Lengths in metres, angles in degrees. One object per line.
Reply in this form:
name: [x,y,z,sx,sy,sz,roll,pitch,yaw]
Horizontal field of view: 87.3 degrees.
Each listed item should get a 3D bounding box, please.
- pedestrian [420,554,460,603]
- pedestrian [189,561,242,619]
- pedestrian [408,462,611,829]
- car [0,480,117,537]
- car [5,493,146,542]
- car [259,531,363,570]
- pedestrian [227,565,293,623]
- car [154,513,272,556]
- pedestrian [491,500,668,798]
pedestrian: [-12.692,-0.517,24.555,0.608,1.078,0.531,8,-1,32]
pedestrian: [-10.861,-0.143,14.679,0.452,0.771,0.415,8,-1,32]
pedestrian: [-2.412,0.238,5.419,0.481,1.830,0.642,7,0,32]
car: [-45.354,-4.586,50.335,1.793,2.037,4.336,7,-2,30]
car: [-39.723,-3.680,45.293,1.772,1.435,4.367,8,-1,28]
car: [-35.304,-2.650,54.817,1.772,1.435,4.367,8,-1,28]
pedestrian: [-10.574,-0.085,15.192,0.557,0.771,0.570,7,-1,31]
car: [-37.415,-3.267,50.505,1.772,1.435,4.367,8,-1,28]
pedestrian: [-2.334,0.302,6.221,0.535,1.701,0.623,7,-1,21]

○ ○ ○

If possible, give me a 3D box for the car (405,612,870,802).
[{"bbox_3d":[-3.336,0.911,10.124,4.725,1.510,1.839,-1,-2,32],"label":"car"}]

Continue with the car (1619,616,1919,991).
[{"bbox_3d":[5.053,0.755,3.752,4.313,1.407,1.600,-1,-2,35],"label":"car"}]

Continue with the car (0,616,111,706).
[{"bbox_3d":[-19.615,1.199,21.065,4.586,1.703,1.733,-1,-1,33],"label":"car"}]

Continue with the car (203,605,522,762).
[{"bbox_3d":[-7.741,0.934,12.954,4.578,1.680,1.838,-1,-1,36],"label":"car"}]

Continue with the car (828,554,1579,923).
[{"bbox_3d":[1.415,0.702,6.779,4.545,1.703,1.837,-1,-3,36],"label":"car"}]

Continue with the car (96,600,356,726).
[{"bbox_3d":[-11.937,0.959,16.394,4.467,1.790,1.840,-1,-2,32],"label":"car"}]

○ ○ ○

— Exercise objective —
Please state how many lines of the data hold the string "degrees", with nothing else in your reply.

— Answer to the exercise —
2